The Space Development Agency (SDA) said on July 18 that it has awarded L3Harris and Northrop Grumman fixed price Other Transaction Authority contracts worth $1.3 billion for 28 satellites — 14 by each company — for Tranche 1 of the Tracking Layer to detect, identify, and monitor advanced missiles, including maneuvering hypersonic ones.

L3Harris is to receive $700 million, Northrop Grumman $617 million —a price that puts the per unit cost of L3Harris’ 14 satellites at $50 million and $44 million for each of Northrop Grumman’s 14 satellites. SDA Director Derek Tournear said on July 18 that commercially available satellite buses helped to lower contract costs significantly. L3Harris and Northrop Grumman won the Tranche 1, Tracking Layer awards out of a field of seven proposals, Tournear said, but he declined to name the other competitors.

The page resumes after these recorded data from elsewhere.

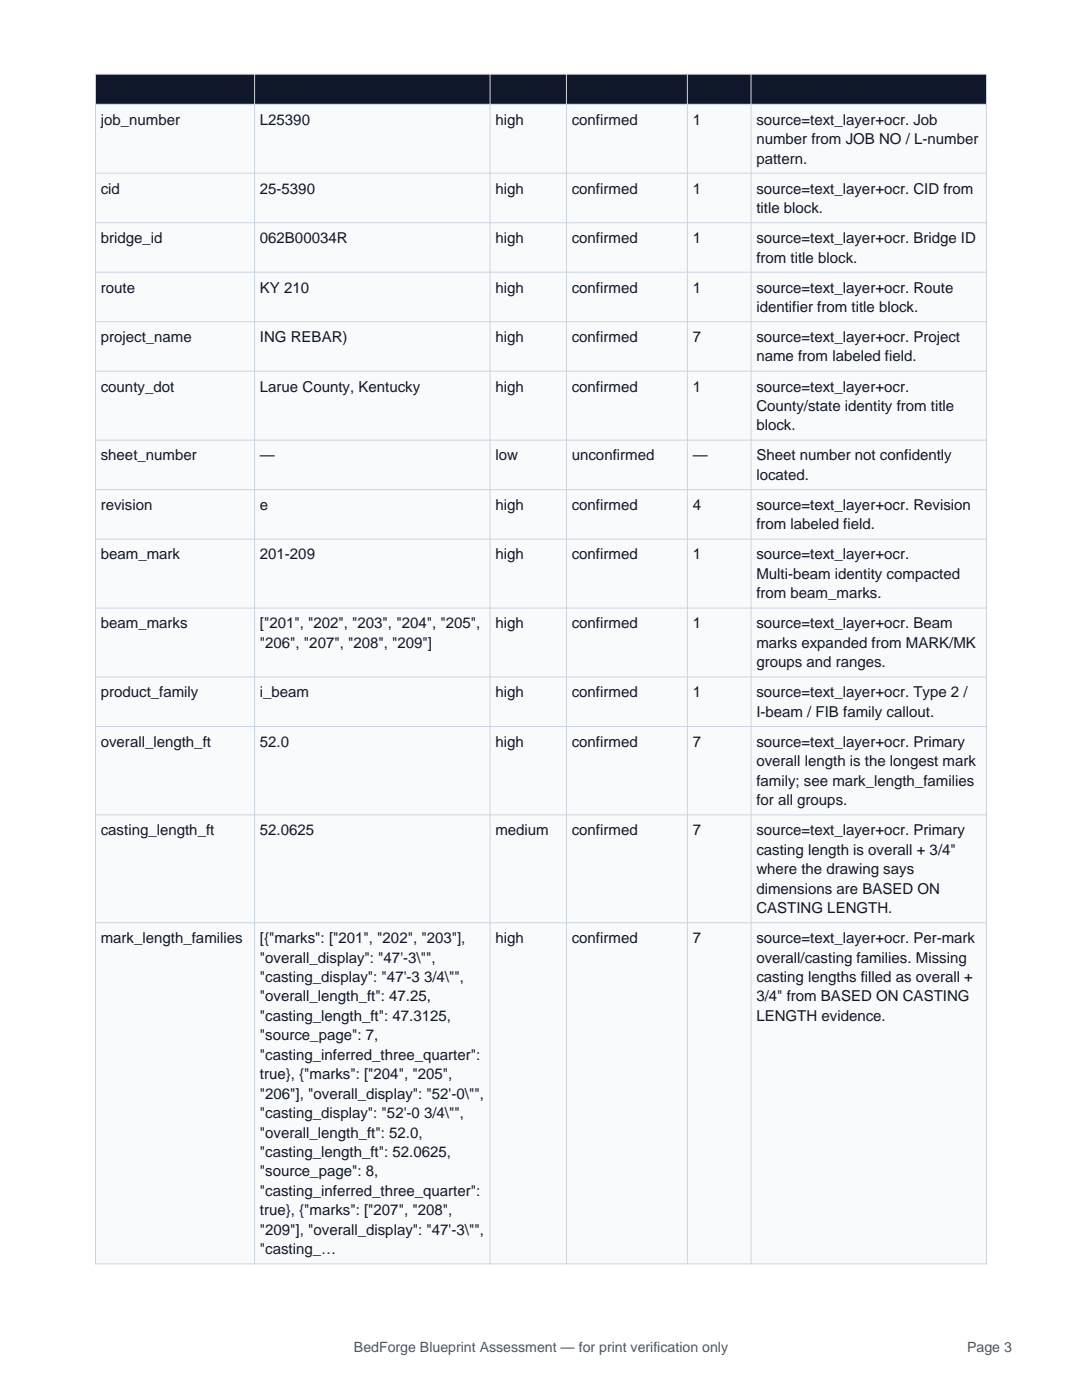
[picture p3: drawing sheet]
<svg xmlns="http://www.w3.org/2000/svg" width="216mm" height="279mm" viewBox="0 0 216 279" stroke-linecap="round" stroke-linejoin="round" font-family="sans-serif">
<defs><g id="words">
<g font-size="3" fill="#111827">
<text x="20.1" y="24.9">job_number</text>
<text x="51.9" y="24.9">L25390</text>
<text x="98.8" y="24.9">high</text>
<text x="114.1" y="24.9">confirmed</text>
<text x="138.2" y="24.9">1</text>
<text x="150.9" y="24.9">source=text_layer+ocr. Job</text>
<text x="150.9" y="28.8">number from JOB NO / L-number</text>
<text x="150.9" y="32.6">pattern.</text>
<text x="20.1" y="38.6">cid</text>
<text x="51.9" y="38.6">25-5390</text>
<text x="98.8" y="38.6">high</text>
<text x="114.1" y="38.6">confirmed</text>
<text x="138.2" y="38.6">1</text>
<text x="150.9" y="38.6">source=text_layer+ocr. CID from</text>
<text x="150.9" y="42.5">title block.</text>
<text x="20.1" y="48.5">bridge_id</text>
<text x="51.9" y="48.5">062B00034R</text>
<text x="98.8" y="48.5">high</text>
<text x="114.1" y="48.5">confirmed</text>
<text x="138.2" y="48.5">1</text>
<text x="150.9" y="48.5">source=text_layer+ocr. Bridge ID</text>
<text x="150.9" y="52.4">from title block.</text>
<text x="20.1" y="58.4">route</text>
<text x="51.9" y="58.4">KY 210</text>
<text x="98.8" y="58.4">high</text>
<text x="114.1" y="58.4">confirmed</text>
<text x="138.2" y="58.4">1</text>
<text x="150.9" y="58.4">source=text_layer+ocr. Route</text>
<text x="150.9" y="62.3">identifier from title block.</text>
<text x="20.1" y="68.3">project_name</text>
<text x="51.9" y="68.3">ING REBAR)</text>
<text x="98.8" y="68.3">high</text>
<text x="114.1" y="68.3">confirmed</text>
<text x="138.2" y="68.3">7</text>
<text x="150.9" y="68.3">source=text_layer+ocr. Project</text>
<text x="150.9" y="72.1">name from labeled field.</text>
<text x="20.1" y="78.1">county_dot</text>
<text x="51.9" y="78.1">Larue County, Kentucky</text>
<text x="98.8" y="78.1">high</text>
<text x="114.1" y="78.1">confirmed</text>
<text x="138.2" y="78.1">1</text>
<text x="150.9" y="78.1">source=text_layer+ocr.</text>
<text x="150.9" y="82">County/state identity from title</text>
<text x="150.9" y="85.9">block.</text>
<text x="20.1" y="91.9">sheet_number</text>
<text x="51.9" y="91.9">—</text>
<text x="98.8" y="91.9">low</text>
<text x="114.1" y="91.9">unconfirmed</text>
<text x="138.2" y="91.9">—</text>
<text x="150.9" y="91.9">Sheet number not confidently</text>
<text x="150.9" y="95.8">located.</text>
<text x="20.1" y="101.8">revision</text>
<text x="51.9" y="101.8">e</text>
<text x="98.8" y="101.8">high</text>
<text x="114.1" y="101.8">confirmed</text>
<text x="138.2" y="101.8">4</text>
<text x="150.9" y="101.8">source=text_layer+ocr. Revision</text>
<text x="150.9" y="105.7">from labeled field.</text>
<text x="20.1" y="111.7">beam_mark</text>
<text x="51.9" y="111.7">201-209</text>
<text x="98.8" y="111.7">high</text>
<text x="114.1" y="111.7">confirmed</text>
<text x="138.2" y="111.7">1</text>
<text x="150.9" y="111.7">source=text_layer+ocr.</text>
<text x="150.9" y="115.5">Multi-beam identity compacted</text>
<text x="150.9" y="119.4">from beam_marks.</text>
<text x="20.1" y="125.4">beam_marks</text>
<text x="51.9" y="125.4">[&quot;201&quot;, &quot;202&quot;, &quot;203&quot;, &quot;204&quot;, &quot;205&quot;,</text>
<text x="98.8" y="125.4">high</text>
<text x="114.1" y="125.4">confirmed</text>
<text x="138.2" y="125.4">1</text>
<text x="150.9" y="125.4">source=text_layer+ocr. Beam</text>
<text x="51.9" y="129.3">&quot;206&quot;, &quot;207&quot;, &quot;208&quot;, &quot;209&quot;]</text>
<text x="150.9" y="129.3">marks expanded from MARK/MK</text>
<text x="150.9" y="133.2">groups and ranges.</text>
<text x="20.1" y="139.2">product_family</text>
<text x="51.9" y="139.2">i_beam</text>
<text x="98.8" y="139.2">high</text>
<text x="114.1" y="139.2">confirmed</text>
<text x="138.2" y="139.2">1</text>
<text x="150.9" y="139.2">source=text_layer+ocr. Type 2 /</text>
<text x="150.9" y="143.1">I-beam / FIB family callout.</text>
<text x="20.1" y="149">overall_length_ft</text>
<text x="51.9" y="149">52.0</text>
<text x="98.8" y="149">high</text>
<text x="114.1" y="149">confirmed</text>
<text x="138.2" y="149">7</text>
<text x="150.9" y="149">source=text_layer+ocr. Primary</text>
<text x="150.9" y="152.9">overall length is the longest mark</text>
<text x="150.9" y="156.8">family; see mark_length_families</text>
<text x="150.9" y="160.7">for all groups.</text>
<text x="20.1" y="166.7">casting_length_ft</text>
<text x="51.9" y="166.7">52.0625</text>
<text x="98.8" y="166.7">medium</text>
<text x="114.1" y="166.7">confirmed</text>
<text x="138.2" y="166.7">7</text>
<text x="150.9" y="166.7">source=text_layer+ocr. Primary</text>
<text x="150.9" y="170.6">casting length is overall + 3/4&quot;</text>
<text x="150.9" y="174.4">where the drawing says</text>
<text x="150.9" y="178.3">dimensions are BASED ON</text>
<text x="150.9" y="182.2">CASTING LENGTH.</text>
<text x="20.1" y="188.2">mark_length_families</text>
<text x="51.9" y="188.2">[{&quot;marks&quot;: [&quot;201&quot;, &quot;202&quot;, &quot;203&quot;],</text>
<text x="98.8" y="188.2">high</text>
<text x="114.1" y="188.2">confirmed</text>
<text x="138.2" y="188.2">7</text>
<text x="150.9" y="188.2">source=text_layer+ocr. Per-mark</text>
<text x="51.9" y="192.1">&quot;overall_display&quot;: &quot;47'-3\&quot;&quot;,</text>
<text x="51.9" y="196">&quot;casting_display&quot;: &quot;47'-3 3/4\&quot;&quot;,</text>
<text x="150.9" y="192.1">overall/casting families. Missing</text>
<text x="150.9" y="196">casting lengths filled as overall +</text>
<text x="51.9" y="199.8">&quot;overall_length_ft&quot;: 47.25,</text>
<text x="51.9" y="203.7">&quot;casting_length_ft&quot;: 47.3125,</text>
<text x="150.9" y="199.8">3/4&quot; from BASED ON CASTING</text>
<text x="150.9" y="203.7">LENGTH evidence.</text>
<text x="51.9" y="207.6">&quot;source_page&quot;: 7,</text>
<text x="51.9" y="211.5">&quot;casting_inferred_three_quarter&quot;:</text>
<text x="51.9" y="215.4">true}, {&quot;marks&quot;: [&quot;204&quot;, &quot;205&quot;,</text>
<text x="51.9" y="219.3">&quot;206&quot;], &quot;overall_display&quot;: &quot;52'-0\&quot;&quot;,</text>
<text x="51.9" y="223.1">&quot;casting_display&quot;: &quot;52'-0 3/4\&quot;&quot;,</text>
<text x="51.9" y="227">&quot;overall_length_ft&quot;: 52.0,</text>
<text x="51.9" y="230.9">&quot;casting_length_ft&quot;: 52.0625,</text>
<text x="51.9" y="234.8">&quot;source_page&quot;: 8,</text>
<text x="51.9" y="238.7">&quot;casting_inferred_three_quarter&quot;:</text>
<text x="51.9" y="242.5">true}, {&quot;marks&quot;: [&quot;207&quot;, &quot;208&quot;,</text>
<text x="51.9" y="246.4">&quot;209&quot;], &quot;overall_display&quot;: &quot;47'-3\&quot;&quot;,</text>
<text x="51.9" y="250.3">&quot;casting_…</text>
</g>
<g font-size="2.8" fill="#475569">
<text x="70.6" y="269.7">BedForge Blueprint Assessment — for print verification only</text>
<text x="193" y="269.7">Page 3</text>
</g>
</g></defs>
<path d="M19 14.8h177.8v6h-177.8z" fill-rule="evenodd" fill="#0f172a"/>
<path d="M19 20.8h177.8v231.4h-177.8z" fill-rule="evenodd" fill="#f8fafc"/>
<g fill="none" stroke="#cbd5e1" stroke-width=".2">
<path d="M19 14.8h177.8v237.4h-177.8zM50.8 14.8v237.4M97.8 14.8v237.4M113 14.8v237.4M137.2 14.8v237.4M149.9 14.8v237.4M19 20.8h177.8M19 34.6h177.8M19 44.4h177.8M19 54.3h177.8M19 64.2h177.8M19 74.1h177.8"/>
<path d="M19 87.8h177.8M19 97.7h177.8M19 107.6h177.8M19 121.4h177.8M19 135.1h177.8M19 145h177.8M19 162.6h177.8M19 184.1h177.8"/>
</g>
<use href="#words"/>
</svg>

SDA’s operations and integration (O&I) centers at Grand Forks AFB, North Dakota, and Redstone Arsenal, Alabama, will fly the satellites. The satellites, which Tournear said will be twice the size of Transport Layer birds, are to fly at 1,000 kilometer polar orbits.

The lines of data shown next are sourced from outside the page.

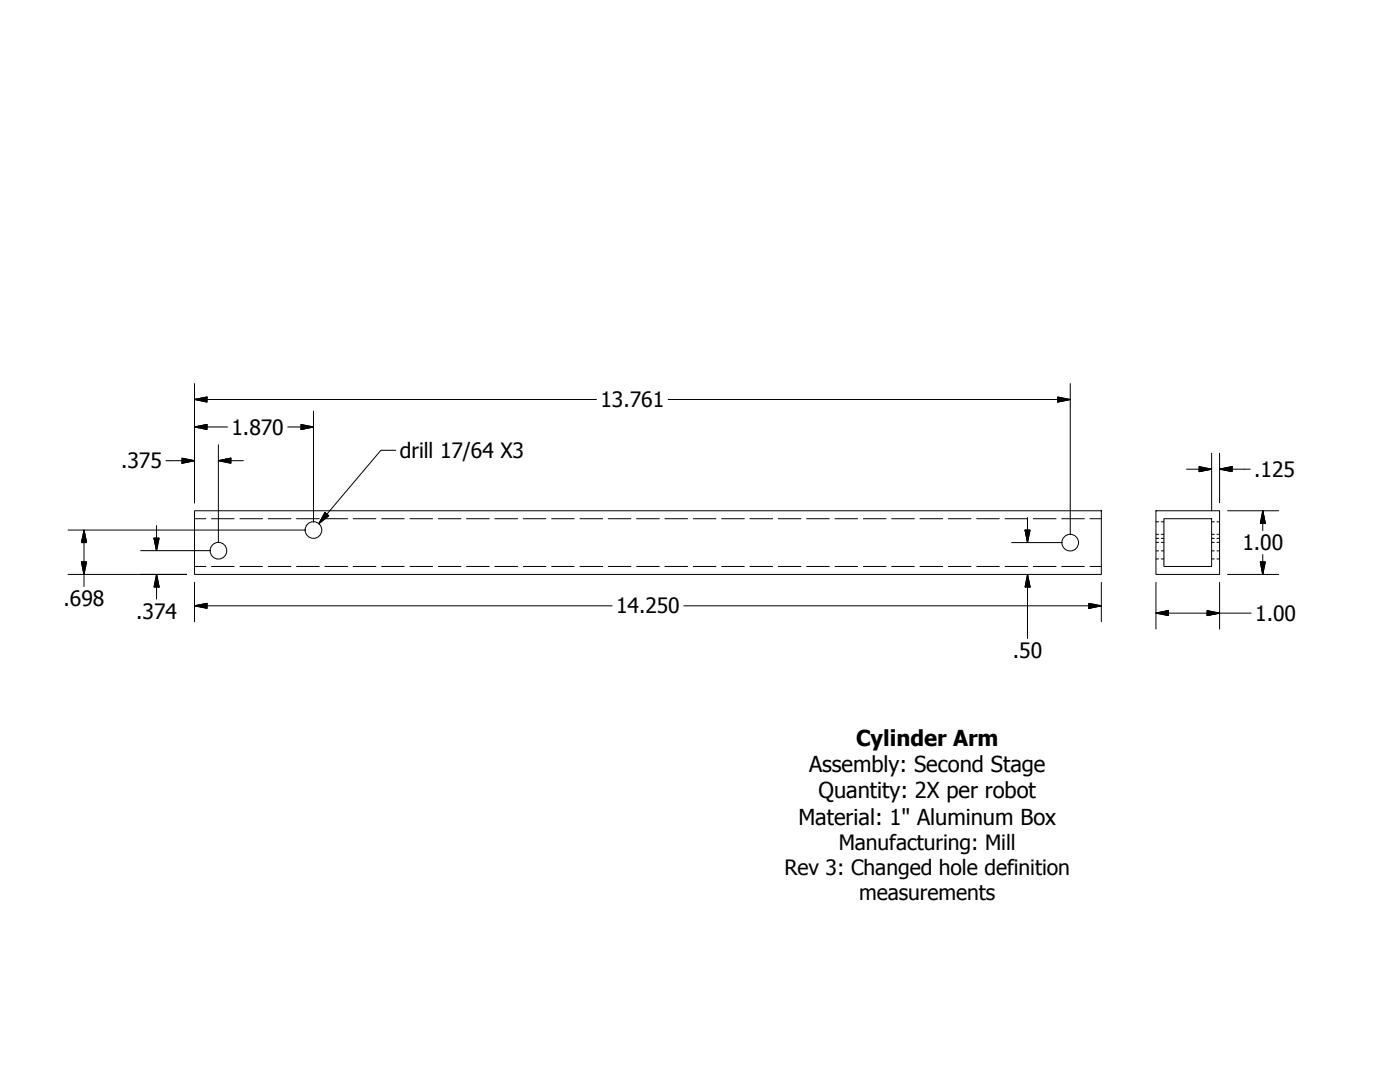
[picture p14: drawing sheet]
<svg xmlns="http://www.w3.org/2000/svg" width="279mm" height="216mm" viewBox="0 0 279 216" stroke-linecap="round" stroke-linejoin="round" font-family="sans-serif">
<defs><g id="words">
<g font-size="4.4">
<text x="170.8" y="148.8">Cylinder Arm</text>
<text x="161.5" y="154.1">Assembly: Second Stage</text>
<text x="163.4" y="159.3">Quantity: 2X per robot</text>
<text x="159.3" y="164.5">Material: 1&quot; Aluminum Box</text>
</g>
<g font-size="4.2">
<text x="119.8" y="81.2">13.761</text>
<text x="46.2" y="86.7">1.870</text>
<text x="24.2" y="93.5">.375</text>
<text x="79.8" y="91.4">drill 17/64 X3</text>
<text x="250.3" y="95.1">.125</text>
<text x="247.9" y="109.8">1.00</text>
<text x="12.7" y="120.9">.698</text>
<text x="27.2" y="123.4">.374</text>
<text x="123" y="122.4">14.250</text>
<text x="250.5" y="123.9">1.00</text>
<text x="202.1" y="131.3">.50</text>
<text x="167.4" y="169.6">Manufacturing: Mill</text>
<text x="156.5" y="174.6">Rev 3: Changed hole definition</text>
<text x="171.4" y="179.6">measurements</text>
</g>
</g></defs>
<!-- layer: Visible (ANSI) -->
<g fill="none" stroke="#000" stroke-width=".2">
<path d="M38.8 101.9h181v12.7h-181zM230.7 101.9h12.7v12.7h-12.7zM232.3 103.5h9.5v9.5h-9.5z"/>
<circle cx="43.6" cy="109.9" r="1.66"/>
<circle cx="62.6" cy="105.8" r="1.66"/>
<circle cx="213.6" cy="108.3" r="1.66"/>
</g>
<!-- layer: Visible Narrow (ANSI) -->
<g fill="none" stroke="#000" stroke-width=".2">
<path d="M38.8 113h2.3M38.8 103.5h2.3M42.2 113h4.5M42.2 103.5h4.5M47.9 113h4.5M47.9 103.5h4.5M53.5 113h4.6M53.5 103.5h4.6M59.2 113h4.5M59.2 103.5h4.5M64.8 113h4.6M64.8 103.5h4.6"/>
<path d="M70.5 113h4.5M70.5 103.5h4.5M76.2 113h4.5M76.2 103.5h4.5M81.8 113h4.5M81.8 103.5h4.5M87.5 113h4.5M87.5 103.5h4.5M93.1 113h4.5M93.1 103.5h4.5M98.8 113h4.5M98.8 103.5h4.5"/>
<path d="M104.4 113h4.5M104.4 103.5h4.5M110.1 113h4.5M110.1 103.5h4.5M115.7 113h4.6M115.7 103.5h4.6M121.4 113h4.5M121.4 103.5h4.5M127 113h4.6M127 103.5h4.6M132.7 113h4.5M132.7 103.5h4.5"/>
<path d="M138.4 113h4.5M138.4 103.5h4.5M144 113h4.5M144 103.5h4.5M149.7 113h4.5M149.7 103.5h4.5M155.3 113h4.6M155.3 103.5h4.6M161 113h4.5M161 103.5h4.5M166.6 113h4.6M166.6 103.5h4.6"/>
<path d="M172.3 113h4.5M172.3 103.5h4.5M177.9 113h4.6M177.9 103.5h4.6M183.6 113h4.5M183.6 103.5h4.5M189.3 113h4.5M189.3 103.5h4.5M194.9 113h4.5M194.9 103.5h4.5M200.6 113h4.5M200.6 103.5h4.5"/>
<path d="M206.2 113h4.6M206.2 103.5h4.6M211.9 113h4.5M211.9 103.5h4.5M217.5 113h2.3M217.5 103.5h2.3M230.7 104.1h.5M230.7 107.4h.5M230.7 106.6h.5M230.7 109.9h.5M230.7 108.2h.5M230.7 111.5h.5"/>
<path d="M231.8 104.1h.5M231.8 107.4h.5M231.8 106.6h.5M231.8 109.9h.5M231.8 108.2h.5M231.8 111.5h.5M241.8 104.1h.5M241.8 107.4h.5M241.8 106.6h.5M241.8 109.9h.5M241.8 108.2h.5M241.8 111.5h.5"/>
<path d="M242.9 104.1h.5M242.9 107.4h.5M242.9 106.6h.5M242.9 109.9h.5M242.9 108.2h.5M242.9 111.5h.5"/>
</g>
<!-- layer: Symbol (ANSI) -->
<g fill="none" stroke="#000" stroke-width=".2">
<path d="M38.8 79.7l2.5-.5v1zM38.8 76.5v23.8M38.8 79.7h80.2M133.3 79.7h80.3M211.1 79.2l2.5 .5-2.5 .5zM213.6 76.5v30.2M33.1 91.9h5.7M36.3 91.4l2.5 .5-2.5 .5zM38.8 85.2l2.5-.5v1zM38.8 85.2h6.6M43.6 91.9l2.5-.5v1zM43.6 91.9h5"/>
<path d="M43.6 88.8v19.5M57.4 85.2h5.2M60.1 84.7l2.5 .5-2.5 .5zM62.6 82v22.2M79 89.9h-3l-12.4 14.6M236.8 93.6h5M239.3 93.1l2.5 .5-2.5 .5zM241.8 90.4v11.5M243.4 93.6l2.5-.5v1zM243.4 90.4v9.9M243.4 93.6h6.1M13.6 114.6h23.6"/>
<path d="M13.6 105.8h47.4M16.3 112.1h1l-.5 2.5zM16.8 105.8l.5 2.5h-1zM16.8 105.8v11.2M28.1 109.9h13.9M30.7 107.4h1l-.5 2.5zM31.2 114.6l.5 2.5h-1zM31.2 104.9v5M31.2 114.6v4.9M38.8 116.2v7.9M64.9 102.3l.7 .6-2 1.6zM201.9 108.3h10.1"/>
<path d="M204.6 105.8h1l-.5 2.5zM205.1 114.6l.5 2.5h-1zM205.1 103.3v5M205.1 114.6v12.8M219.8 116.2v7.9M230.7 116.2v9.3M243.4 116.2v9.3M245 114.6h10.2M245 101.9h10.2M251.5 112.1h1l-.5 2.5zM252 101.9l.5 2.5h-1zM252 101.9v4"/>
<path d="M252 110.7v3.9M38.8 120.9l2.5-.5v1zM38.8 120.9h83.4M136.5 120.9h83.3M217.3 120.4l2.5 .5-2.5 .5zM230.7 122.3l2.5-.5v1zM230.7 122.3h19M240.9 121.8l2.5 .5-2.5 .5z"/>
</g>
<g fill="#000" stroke="#000" stroke-width=".2">
<path d="M38.8 79.7l2.5-.5zM38.8 79.7l2.5-.5v1zM36.3 92.4l2.5-.5zM36.3 91.4l2.5 .5-2.5 .5zM38.8 85.2l2.5-.5zM38.8 85.2l2.5-.5v1zM43.6 91.9l2.5-.5zM43.6 91.9l2.5-.5v1zM60.1 85.7l2.5-.5zM60.1 84.7l2.5 .5-2.5 .5zM211.1 80.2l2.5-.5zM211.1 79.2l2.5 .5-2.5 .5z"/>
<path d="M239.3 94.1l2.5-.5zM239.3 93.1l2.5 .5-2.5 .5zM243.4 93.6l2.5-.5zM243.4 93.6l2.5-.5v1zM16.3 112.1l.5 2.5zM16.3 112.1h1l-.5 2.5zM16.8 105.8l.5 2.5zM16.8 105.8l.5 2.5h-1zM30.7 107.4l.5 2.5zM30.7 107.4h1l-.5 2.5zM31.2 114.6l.5 2.5zM31.2 114.6l.5 2.5h-1z"/>
<path d="M64.9 102.3l-1.3 2.2zM64.9 102.3l.7 .6-2 1.6zM204.6 105.8l.5 2.5zM204.6 105.8h1l-.5 2.5zM205.1 114.6l.5 2.5zM205.1 114.6l.5 2.5h-1zM251.5 112.1l.5 2.5zM251.5 112.1h1l-.5 2.5zM252 101.9l.5 2.5zM252 101.9l.5 2.5h-1zM38.8 120.9l2.5-.5zM38.8 120.9l2.5-.5v1z"/>
<path d="M217.3 121.4l2.5-.5zM217.3 120.4l2.5 .5-2.5 .5zM230.7 122.3l2.5-.5zM230.7 122.3l2.5-.5v1zM240.9 122.8l2.5-.5zM240.9 121.8l2.5 .5-2.5 .5z"/>
</g>
<use href="#words"/>
</svg>

Tranche 1 Tracking Layer satellite launches are to start in April 2025. Such satellites are to integrate with Transport Layer satellites to provide intercept options against advanced missiles. The Transport Layer is to be the backbone of the Pentagon’s Joint All Domain Command and Control concept. York Space Systems, Lockheed Martin, and Northrop Grumman received SDA contracts for Tranche 1 of the Transport Layer in February.

The fiscal year 2022 defense appropriations law provided $550 million for SDA to accelerate development of the Tracking Layer to support U.S. Indo-Pacific Command (Defense Daily, March 15).

SDA published the Tranche 1 Tracking Layer solicitation on March 17, two days after President Biden signed the fiscal year 2022 appropriations bill into law.

In May, SDA said that it had awarded General Dynamics a $324.5 million cost plus contract for the ground O&I segment for Tranche 1 of the National Defense Space Architecture (NDSA) — a move away from SDA’s normal fixed price approach to reflect the development risk for the NDSA ground segment, namely the envisioned integration of various contractors’ satellites in the Tranche 1 Transport Layer, Tracking Layer, and Demonstration and Experimentation System.

For the O&I contract, General Dynamics is teamed with Iridium Communications, Raytheon Technologies, Kongsberg Satellite Services USA (KSAT-USA) — the U.S. division of Norway’s KSAT, and Florida-based Emergent Space Technologies, Inc.

SDA is to become part of the U.S. Space Force by Oct. 1.